I have been making rhinestone transfers by hand for t shirts etc for about a year now. My buisness is growing and i am finding it impossible to make everything by hand now. I want to buy a heat press, cutter and software to be able to make the templates so i can make the transfers from them but am totally at a loss about what to buy.
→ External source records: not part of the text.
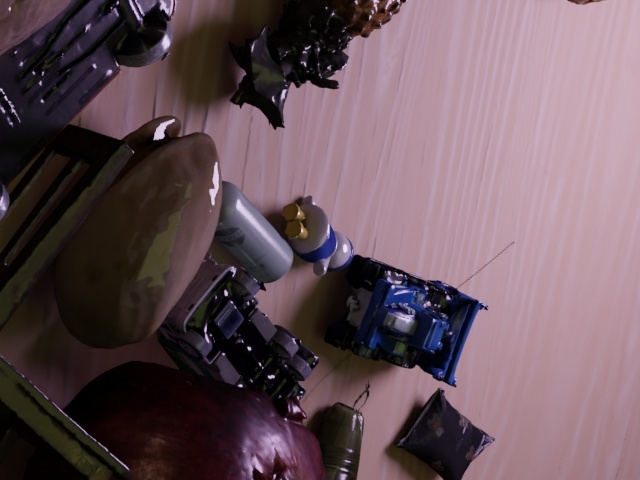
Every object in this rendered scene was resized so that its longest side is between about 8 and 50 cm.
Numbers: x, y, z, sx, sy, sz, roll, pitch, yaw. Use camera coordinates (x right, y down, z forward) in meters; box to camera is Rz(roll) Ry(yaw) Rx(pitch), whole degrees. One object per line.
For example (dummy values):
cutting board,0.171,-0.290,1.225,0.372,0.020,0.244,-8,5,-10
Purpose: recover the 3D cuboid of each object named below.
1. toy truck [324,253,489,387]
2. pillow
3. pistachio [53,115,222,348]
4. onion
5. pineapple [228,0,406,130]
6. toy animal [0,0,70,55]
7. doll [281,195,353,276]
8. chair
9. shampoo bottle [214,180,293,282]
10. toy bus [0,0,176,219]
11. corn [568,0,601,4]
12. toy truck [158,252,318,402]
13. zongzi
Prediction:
toy truck,0.112,0.098,2.216,0.208,0.126,0.113,16,95,-52
pillow,0.161,0.256,2.409,0.150,0.048,0.090,41,67,-45
pistachio,-0.181,-0.008,1.818,0.238,0.138,0.153,-62,152,-7
onion,-0.153,0.294,1.864,0.341,0.341,0.341,-24,124,-40
pineapple,-0.006,-0.222,1.954,0.237,0.119,0.111,-51,-177,-13
toy animal,-0.342,-0.225,1.472,0.358,0.226,0.188,-23,142,-36
doll,0.000,0.000,2.090,0.143,0.058,0.098,36,39,-59
chair,-0.282,0.125,1.686,0.416,0.203,0.240,-50,124,-14
shampoo bottle,-0.096,-0.025,1.977,0.056,0.056,0.195,-57,139,-13
toy bus,-0.278,-0.157,1.627,0.329,0.153,0.143,-48,143,-20
corn,0.382,-0.350,2.344,0.253,0.086,0.086,-26,126,-39
toy truck,-0.095,0.118,1.992,0.114,0.124,0.253,-52,137,-19
zongzi,0.028,0.248,2.270,0.130,0.062,0.154,58,45,-68
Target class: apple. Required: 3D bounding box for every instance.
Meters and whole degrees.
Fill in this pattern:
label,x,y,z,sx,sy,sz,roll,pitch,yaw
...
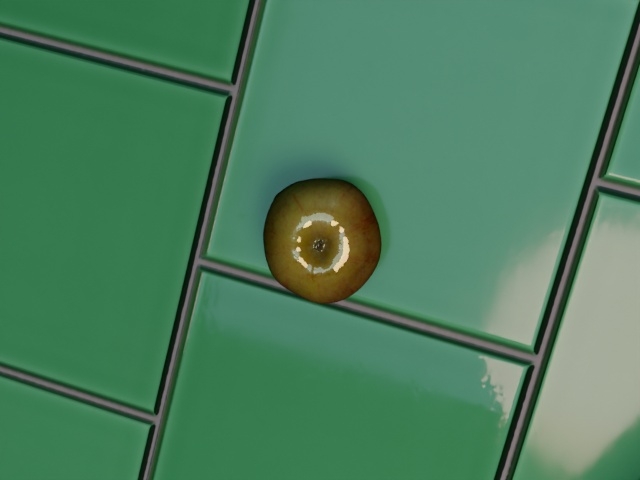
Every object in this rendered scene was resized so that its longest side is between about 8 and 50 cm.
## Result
label,x,y,z,sx,sy,sz,roll,pitch,yaw
apple,0.000,0.000,0.520,0.084,0.071,0.084,1,96,11
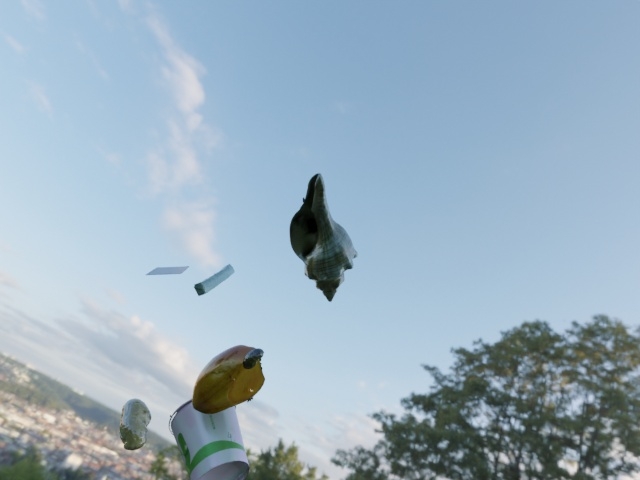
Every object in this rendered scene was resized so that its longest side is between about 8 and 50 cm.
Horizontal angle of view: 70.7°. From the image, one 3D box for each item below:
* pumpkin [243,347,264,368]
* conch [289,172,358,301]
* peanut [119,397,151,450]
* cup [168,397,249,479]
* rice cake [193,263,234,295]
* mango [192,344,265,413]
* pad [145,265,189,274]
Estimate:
[{"bbox_3d":[-0.225,0.384,1.488,0.050,0.083,0.028,17,-38,41],"label":"pumpkin"},{"bbox_3d":[0.003,0.000,1.336,0.203,0.386,0.169,-4,5,14],"label":"conch"},{"bbox_3d":[-0.495,0.490,1.210,0.080,0.080,0.174,43,1,-29],"label":"peanut"},{"bbox_3d":[-0.377,0.714,1.576,0.274,0.253,0.253,51,-6,45],"label":"cup"},{"bbox_3d":[-0.356,0.132,1.522,0.042,0.245,0.045,-27,-86,16],"label":"rice cake"},{"bbox_3d":[-0.326,0.479,1.546,0.138,0.257,0.187,-7,-78,58],"label":"mango"},{"bbox_3d":[-0.498,0.098,1.478,0.112,0.003,0.157,-2,6,-7],"label":"pad"}]
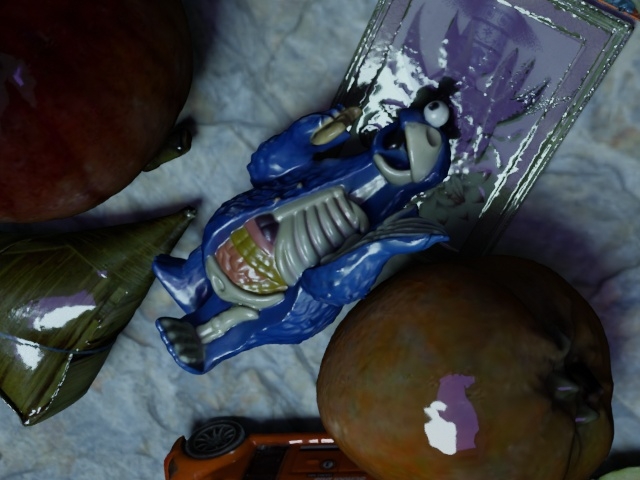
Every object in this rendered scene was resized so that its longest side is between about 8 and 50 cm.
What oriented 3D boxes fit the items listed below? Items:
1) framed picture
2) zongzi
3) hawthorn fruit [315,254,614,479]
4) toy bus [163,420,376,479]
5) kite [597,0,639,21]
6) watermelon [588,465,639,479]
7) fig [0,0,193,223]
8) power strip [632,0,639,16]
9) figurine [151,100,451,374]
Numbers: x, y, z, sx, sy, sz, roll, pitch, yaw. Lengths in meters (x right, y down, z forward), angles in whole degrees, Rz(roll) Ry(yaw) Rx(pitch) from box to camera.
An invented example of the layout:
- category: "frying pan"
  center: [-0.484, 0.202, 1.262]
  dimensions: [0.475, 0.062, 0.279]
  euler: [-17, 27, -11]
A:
- category: "framed picture"
  center: [0.096, -0.093, 0.513]
  dimensions: [0.173, 0.010, 0.231]
  euler: [27, 114, 3]
- category: "zongzi"
  center: [-0.257, 0.010, 0.590]
  dimensions: [0.221, 0.112, 0.242]
  euler: [36, 104, 1]
- category: "hawthorn fruit"
  center: [0.083, 0.105, 0.506]
  dimensions: [0.251, 0.199, 0.199]
  euler: [-10, 110, 48]
- category: "toy bus"
  center: [0.009, 0.251, 0.586]
  dimensions: [0.329, 0.153, 0.143]
  euler: [-5, 110, 15]
- category: "kite"
  center: [0.253, -0.210, 0.432]
  dimensions: [0.321, 0.016, 0.233]
  euler: [-17, 107, 20]
- category: "watermelon"
  center: [0.278, 0.259, 0.556]
  dimensions: [0.125, 0.094, 0.135]
  euler: [9, 116, 2]
- category: "fig"
  center: [-0.206, -0.116, 0.472]
  dimensions: [0.235, 0.235, 0.214]
  euler: [27, 151, 3]
- category: "power strip"
  center: [0.295, -0.184, 0.388]
  dimensions: [0.213, 0.064, 0.198]
  euler: [-34, 102, 22]
- category: "figurine"
  center: [-0.006, -0.002, 0.500]
  dimensions: [0.262, 0.164, 0.121]
  euler: [-27, 141, 24]
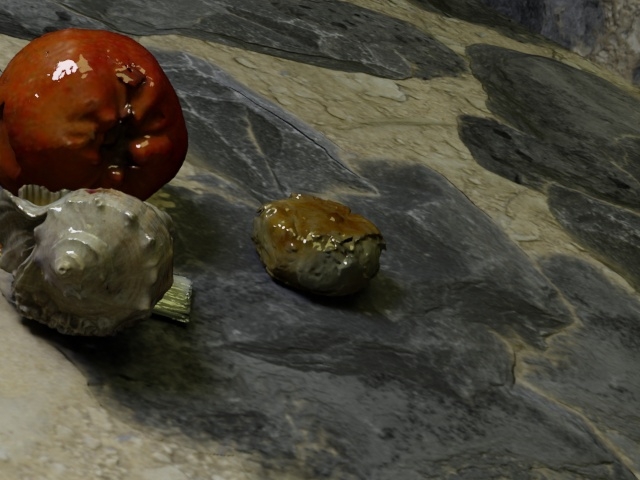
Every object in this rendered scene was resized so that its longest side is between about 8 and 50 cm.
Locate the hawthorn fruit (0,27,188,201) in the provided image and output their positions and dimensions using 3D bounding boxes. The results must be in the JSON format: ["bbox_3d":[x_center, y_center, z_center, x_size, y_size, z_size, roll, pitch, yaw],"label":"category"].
[{"bbox_3d":[-0.257,-0.130,1.510,0.211,0.211,0.299,12,13,-20],"label":"hawthorn fruit"}]

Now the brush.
[{"bbox_3d":[-0.278,0.020,1.393,0.314,0.017,0.090,16,22,-11],"label":"brush"}]

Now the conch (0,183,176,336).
[{"bbox_3d":[-0.214,0.001,1.308,0.178,0.163,0.245,42,17,0],"label":"conch"}]

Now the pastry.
[{"bbox_3d":[-0.003,0.004,1.570,0.153,0.081,0.153,9,22,-4],"label":"pastry"}]
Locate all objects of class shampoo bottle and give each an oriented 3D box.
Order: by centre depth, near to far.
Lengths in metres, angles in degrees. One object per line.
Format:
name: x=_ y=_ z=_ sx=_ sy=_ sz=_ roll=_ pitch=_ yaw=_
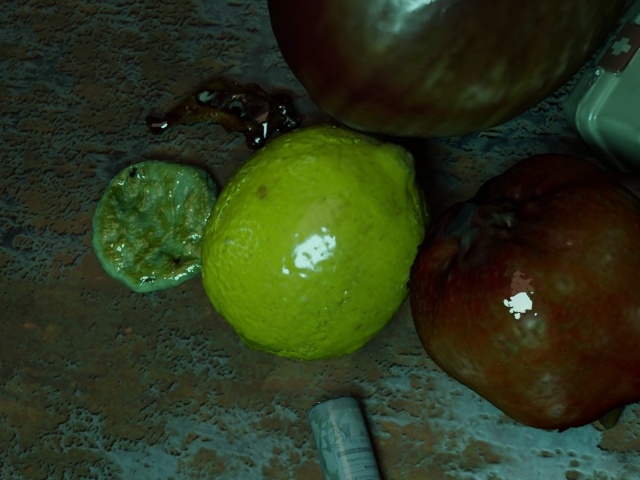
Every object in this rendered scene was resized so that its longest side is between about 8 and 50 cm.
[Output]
shampoo bottle: x=0.042 y=0.289 z=1.824 sx=0.072 sy=0.072 sz=0.214 roll=-21 pitch=67 yaw=10

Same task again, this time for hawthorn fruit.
hawthorn fruit: x=0.258 y=0.058 z=1.712 sx=0.311 sy=0.295 sz=0.295 roll=25 pitch=79 yaw=-11

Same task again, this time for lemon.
lemon: x=0.000 y=0.000 z=1.827 sx=0.258 sy=0.258 sz=0.310 roll=51 pitch=118 yaw=25

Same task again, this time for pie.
pie: x=-0.208 y=-0.019 z=2.027 sx=0.187 sy=0.041 sz=0.186 roll=-6 pitch=70 yaw=16

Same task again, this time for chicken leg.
chicken leg: x=-0.125 y=-0.167 z=2.048 sx=0.219 sy=0.048 sz=0.089 roll=10 pitch=72 yaw=21

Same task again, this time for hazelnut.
hazelnut: x=0.149 y=-0.304 z=1.786 sx=0.421 sy=0.421 sz=0.352 roll=-12 pitch=56 yaw=14

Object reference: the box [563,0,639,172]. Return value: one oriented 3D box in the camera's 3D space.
box: x=0.395 y=-0.179 z=1.822 sx=0.129 sy=0.148 sz=0.210 roll=28 pitch=81 yaw=44
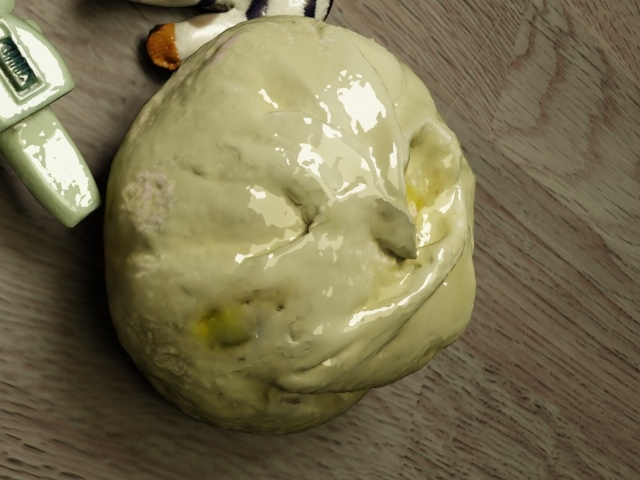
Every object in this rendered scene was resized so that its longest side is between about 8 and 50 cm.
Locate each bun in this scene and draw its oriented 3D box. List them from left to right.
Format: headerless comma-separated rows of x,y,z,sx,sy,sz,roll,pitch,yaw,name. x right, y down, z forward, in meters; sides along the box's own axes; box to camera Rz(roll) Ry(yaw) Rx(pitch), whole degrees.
0.000,0.000,0.844,0.365,0.219,0.365,-10,104,-43,bun

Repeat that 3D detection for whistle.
-0.245,-0.123,0.744,0.102,0.106,0.253,-35,103,-7,whistle

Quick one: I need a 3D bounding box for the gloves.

Could anyone recommend the best things for me to get to be able to do this.
Looking forward to hearing from you
Crystal x


----------



## Serenity10 (Jul 11, 2010)

Crystal,

I asked that question recently, there is a post on this forum with a list of different rhinestone software and you can check it out and determine what will work best for you.

April


----------



## ashamutt (Feb 22, 2008)

Serenity10 said:


> Crystal,
> 
> I asked that question recently, there is a post on this forum with a list of different rhinestone software and you can check it out and determine what will work best for you.
> 
> April


 
Yep.... and here is the thread:
http://www.t-shirtforums.com/rhinestone-decoration/t95228.html

I chose to go w/ the Groove-E from KNK.
599.99 for the cutter & software....and awesome free videos & tech support!
(got it from Sandy McCauley)

I also have the Graphtec CE-5000-60 cutter/plotter. (995.00 including the stand - purchased _on sale_ over 2 years ago from Accugraphic Sales in Apopka FL)
And I use the FuntimeDeluxe 2010 software w/ this particular cutter.
(purchased my Funtime at Paperthreads for 109.00 - used a 10.00 off coupon)

I would suggest - like April did - to go to the thread and read about all of the different cutters and rhinestone software.


----------



## crystal84 (Aug 25, 2010)

Thank you for your helpful replies !!


----------



## mfatty500 (Jan 18, 2010)

Yes, what Ashamutt said, Sandy's help is second to none!


----------